Contemporaneously in China, both Confucianism and Daoism treated harmony as an
underlying moral/aesthetic principle. The union of moral and aesthetic harmony
was described in the thesis of Francis Hutchison, who was both Adam Smith's
doctoral advisor and one of the biggest philosophical influences on the
American founding fathers. See for yourself! [1]

Harmony is not sameness -- it is diversity in unity. This is a key insight in
both Eastern and Western philosophy. In the West, the connection to the
mathematics of the harmonic series doesn't appear to be coincidental
(harmonies consisting of notes that share harmonics) -- although I'd challenge
anyone to make sense of it all! My point here is that there is a story worth
learning more about. I'd argue that we need guiding philosophical principles
-- and it is awfully nice that there is a scientific one that underpins some
of the largest societies on Earth:

* The official principal objective of the Chinese government is the creation of a "Harmonious Society".

* The official motto of the EU is "In varietate concordia"

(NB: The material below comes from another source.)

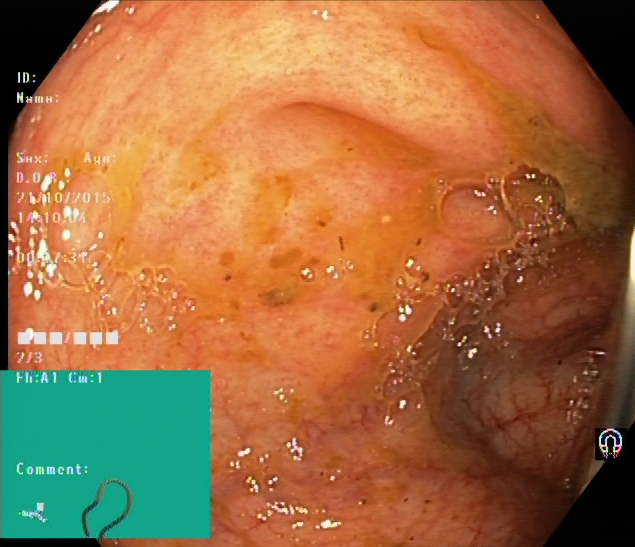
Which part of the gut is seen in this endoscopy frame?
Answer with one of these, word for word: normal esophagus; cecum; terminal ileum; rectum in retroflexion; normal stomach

cecum

* The traditional (although unofficial) motto of the USA is "e pluribus unum"

* The official motto of Indonesia is "Unity in Diversity"

* And now this from Japan!

Not to say that these governments are necessarily aware of this history, but
only that these ideas are very old, very core and very unifying.

[0] Barker, A. (2007). The science of harmonics in classical Greece. Cambridge
University Press. [1] Hutcheson, F., (1729). An inquiry into the original of
our ideas of beauty and virtue: in two treatises. I. Concerning beauty, order,
harmony, design. II. Concerning moral good and evil.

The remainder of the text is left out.